Original title: DeepSeek's 10 trillion USD grand strategy

Original author: @bookwormengr

Original translation: Peggy, BlockBeats

Editor’s note: Over the past year, discussions around DeepSeek have mostly focused on model performance, open-source strategy, and price wars. However, if we understand DeepSeek only through the lens of "whether it sells subscriptions," "whether it has multimodal capabilities," or "whether it can build a coding agent," we might underestimate what it truly aims to change.

This article proposes a more radical assessment: DeepSeek’s goal may not be short-term monetization through the application layer. Instead, through a series of underlying architectural innovations, it aims to reshape the cost structure of AI training and inference, indirectly fostering the formation of a new hardware ecosystem. From MoE, MLA to DSA, CSA, mHC, Engram, and then Dual Path and TileLang, DeepSeek’s technological roadmap has consistently revolved around one core question: how to run stronger models with less high-end computing power when constrained by HBM, advanced process nodes, packaging, and the CUDA ecosystem.

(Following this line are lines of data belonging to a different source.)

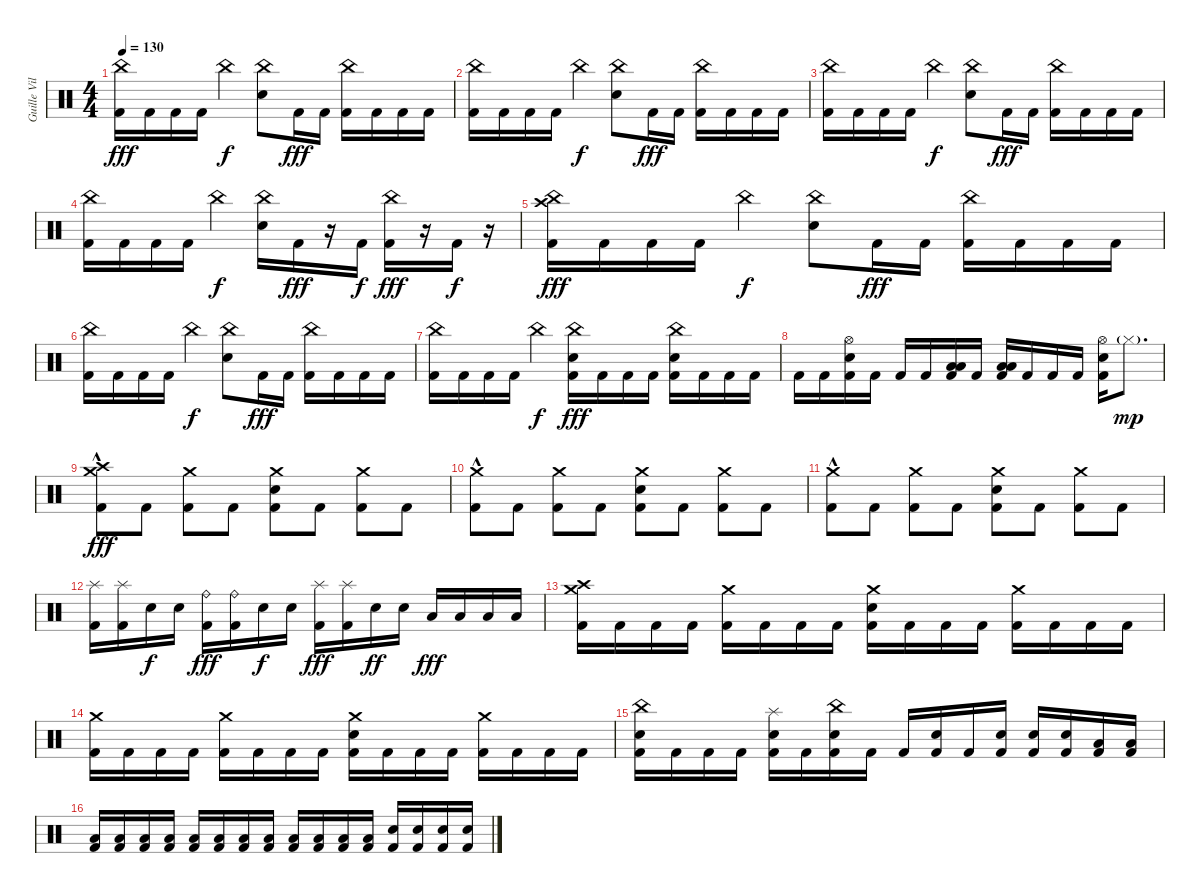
\track ("Guille Vila" "Guille Vil") {instrument percussion}
\staff {score}
\articulation defaults
\ts (4 4)
\tempo 130
\clef neutral
\ks c
("China (hit)" "Kick (hit) 2").16{dy fff} "Kick (hit) 2".16 "Kick (hit) 2".16 "Kick (hit) 2".16 "China (hit)".4{dy f} ("China (hit)" "Snare (hit) 2").8 "Kick (hit) 2".16{dy fff} "Kick (hit) 2".16 ("China (hit)" "Kick (hit) 2").16 "Kick (hit) 2".16 "Kick (hit) 2".16 "Kick (hit) 2".16 |
("China (hit)" "Kick (hit) 2").16 "Kick (hit) 2".16 "Kick (hit) 2".16 "Kick (hit) 2".16 "China (hit)".4{dy f} ("China (hit)" "Snare (hit) 2").8 "Kick (hit) 2".16{dy fff} "Kick (hit) 2".16 ("China (hit)" "Kick (hit) 2").16 "Kick (hit) 2".16 "Kick (hit) 2".16 "Kick (hit) 2".16 |
("China (hit)" "Kick (hit) 2").16 "Kick (hit) 2".16 "Kick (hit) 2".16 "Kick (hit) 2".16 "China (hit)".4{dy f} ("China (hit)" "Snare (hit) 2").8 "Kick (hit) 2".16{dy fff} "Kick (hit) 2".16 ("China (hit)" "Kick (hit) 2").16 "Kick (hit) 2".16 "Kick (hit) 2".16 "Kick (hit) 2".16 |
("China (hit)" "Kick (hit) 2").16 "Kick (hit) 2".16 "Kick (hit) 2".16 "Kick (hit) 2".16 "China (hit)".4{dy f} ("China (hit)" "Snare (hit) 2").16 "Kick (hit) 2".16{dy fff} r.16 "Kick (hit) 2".16{dy f} ("China (hit)" "Kick (hit) 2").16{dy fff} r.16 "Kick (hit) 2".16{dy f} r.16 |
("China (hit)" "Crash high (hit)" "Kick (hit) 2").16{dy fff} "Kick (hit) 2".16 "Kick (hit) 2".16 "Kick (hit) 2".16 "China (hit)".4{dy f} ("China (hit)" "Snare (hit) 2").8 "Kick (hit) 2".16{dy fff} "Kick (hit) 2".16 ("China (hit)" "Kick (hit) 2").16 "Kick (hit) 2".16 "Kick (hit) 2".16 "Kick (hit) 2".16 |
("China (hit)" "Kick (hit) 2").16 "Kick (hit) 2".16 "Kick (hit) 2".16 "Kick (hit) 2".16 "China (hit)".4{dy f} ("China (hit)" "Snare (hit) 2").8 "Kick (hit) 2".16{dy fff} "Kick (hit) 2".16 ("China (hit)" "Kick (hit) 2").16 "Kick (hit) 2".16 "Kick (hit) 2".16 "Kick (hit) 2".16 |
("China (hit)" "Kick (hit) 2").16 "Kick (hit) 2".16 "Kick (hit) 2".16 "Kick (hit) 2".16 "China (hit)".4{dy f} ("China (hit)" "Snare (hit) 2" "Kick (hit) 2").16{dy fff} "Kick (hit) 2".16 "Kick (hit) 2".16 "Kick (hit) 2".16 ("China (hit)" "Snare (hit) 2" "Kick (hit) 2").16 "Kick (hit) 2".16 "Kick (hit) 2".16 "Kick (hit) 2".16 |
"Kick (hit) 2".16 "Kick (hit) 2".16 ("Hi-Hat (open)" "Snare (hit) 2" "Kick (hit) 2").16 "Kick (hit) 2".16 "Kick (hit) 2".16 "Kick (hit) 2".16 ("Low Tom (hit)" "Low Floor Tom (hit)" "Kick (hit) 2").16 "Kick (hit) 2".16 ("Low Tom (hit)" "Low Floor Tom (hit)" "Kick (hit) 2").16 "Kick (hit) 2".16 "Kick (hit) 2".16 "Kick (hit) 2".16 ("Hi-Hat (open)" "Electric Snare (hit)" "Kick (hit) 2").16 "Hi-Hat (closed)"{g}.8{d dy mp} |
("Crash medium (hit)" "Crash high (hit)" "Kick (hit) 2"{hac}).8{dy fff volume 16} "Kick (hit) 2".8 ("Crash medium (hit)" "Kick (hit) 2").8 "Kick (hit) 2".8 ("Crash medium (hit)" "Snare (hit) 2" "Kick (hit) 2").8 "Kick (hit) 2".8 ("Crash medium (hit)" "Kick (hit) 2").8 "Kick (hit) 2".8 |
("Crash medium (hit)" "Kick (hit) 2"{hac}).8 "Kick (hit) 2".8 ("Crash medium (hit)" "Kick (hit) 2").8 "Kick (hit) 2".8 ("Crash medium (hit)" "Snare (hit) 2" "Kick (hit) 2").8 "Kick (hit) 2".8 ("Crash medium (hit)" "Kick (hit) 2").8 "Kick (hit) 2".8 |
("Crash medium (hit)" "Kick (hit) 2"{hac}).8 "Kick (hit) 2".8 ("Crash medium (hit)" "Kick (hit) 2").8 "Kick (hit) 2".8 ("Crash medium (hit)" "Snare (hit) 2" "Kick (hit) 2").8 "Kick (hit) 2".8 ("Crash medium (hit)" "Kick (hit) 2").8 "Kick (hit) 2".8 |
("Splash (hit)" "Kick (hit) 2").16 ("Splash (hit)" "Kick (hit) 2").16 "Snare (hit) 2".16{dy f} "Snare (hit) 2".16 ("Ride (bell)" "Kick (hit) 2").16{dy fff} ("Ride (bell)" "Kick (hit) 2").16 "Snare (hit) 2".16{dy f} "Snare (hit) 2".16 ("Splash (hit)" "Kick (hit) 2").16{dy fff} ("Splash (hit)" "Kick (hit) 2").16 "Snare (hit) 2".16{dy ff} "Snare (hit) 2".16 "Low Tom (hit)".16{dy fff} "Low Tom (hit)".16 "Low Floor Tom (hit)".16 "Low Floor Tom (hit)".16 |
("Crash high (hit)" "Crash medium (hit)" "Kick (hit) 2").16 "Kick (hit) 2".16 "Kick (hit) 2".16 "Kick (hit) 2".16 ("Crash medium (hit)" "Kick (hit) 2").16 "Kick (hit) 2".16 "Kick (hit) 2".16 "Kick (hit) 2".16 ("Crash medium (hit)" "Snare (hit) 2" "Kick (hit) 2").16 "Kick (hit) 2".16 "Kick (hit) 2".16 "Kick (hit) 2".16 ("Crash medium (hit)" "Kick (hit) 2").16 "Kick (hit) 2".16 "Kick (hit) 2".16 "Kick (hit) 2".16 |
("Crash medium (hit)" "Kick (hit) 2").16 "Kick (hit) 2".16 "Kick (hit) 2".16 "Kick (hit) 2".16 ("Crash medium (hit)" "Kick (hit) 2").16 "Kick (hit) 2".16 "Kick (hit) 2".16 "Kick (hit) 2".16 ("Crash medium (hit)" "Snare (hit) 2" "Kick (hit) 2").16 "Kick (hit) 2".16 "Kick (hit) 2".16 "Kick (hit) 2".16 ("Crash medium (hit)" "Kick (hit) 2").16 "Kick (hit) 2".16 "Kick (hit) 2".16 "Kick (hit) 2".16 |
("China (hit)" "Snare (hit) 2" "Kick (hit) 2").16 "Kick (hit) 2".16 "Kick (hit) 2".16 "Kick (hit) 2".16 ("Splash (hit)" "Snare (hit) 2" "Kick (hit) 2").16 "Kick (hit) 2".16 ("China (hit)" "Snare (hit) 2" "Kick (hit) 2").16 "Kick (hit) 2".16 "Kick (hit) 2".16 ("Snare (hit) 2" "Kick (hit) 2").16 "Kick (hit) 2".16 ("Snare (hit) 2" "Kick (hit) 2").16 ("Snare (hit) 2" "Kick (hit) 2").16 ("Snare (hit) 2" "Kick (hit) 2").16 ("Low Tom (hit)" "Kick (hit) 2").16 ("Low Tom (hit)" "Kick (hit) 2").16 |
("Low Tom (hit)" "Kick (hit) 2").16 ("Low Tom (hit)" "Kick (hit) 2").16 ("Low Tom (hit)" "Kick (hit) 2").16 ("Low Tom (hit)" "Kick (hit) 2").16 ("Low Tom (hit)" "Kick (hit) 2").16 ("Low Tom (hit)" "Kick (hit) 2").16 ("Low Floor Tom (hit)" "Kick (hit) 2").16 ("Low Floor Tom (hit)" "Kick (hit) 2").16 ("Low Floor Tom (hit)" "Kick (hit) 2").16 ("Low Floor Tom (hit)" "Kick (hit) 2").16 ("Low Floor Tom (hit)" "Kick (hit) 2").16 ("Low Floor Tom (hit)" "Kick (hit) 2").16 ("Snare (hit) 2" "Kick (hit) 2").16 ("Snare (hit) 2" "Kick (hit) 2").16 ("Snare (hit) 2" "Kick (hit) 2").16 ("Snare (hit) 2" "Kick (hit) 2").16

The most noteworthy aspect of this article is not "whether DeepSeek can earn hundreds of millions of dollars through APIs or subscriptions," but whether it is binding together model capabilities, memory systems, and the domestic hardware ecosystem. KV Cache compression reduces reliance on HBM, NAND and SSDs can handle long-term caching, LPDDR can be used for weight streaming and Engram storage, and TileLang aims to erode the CUDA moat. If these innovations continue to spread, the beneficiaries will not just be DeepSeek itself, but also storage, ASIC, GPU, networking chip companies, and the entire AI infrastructure chain.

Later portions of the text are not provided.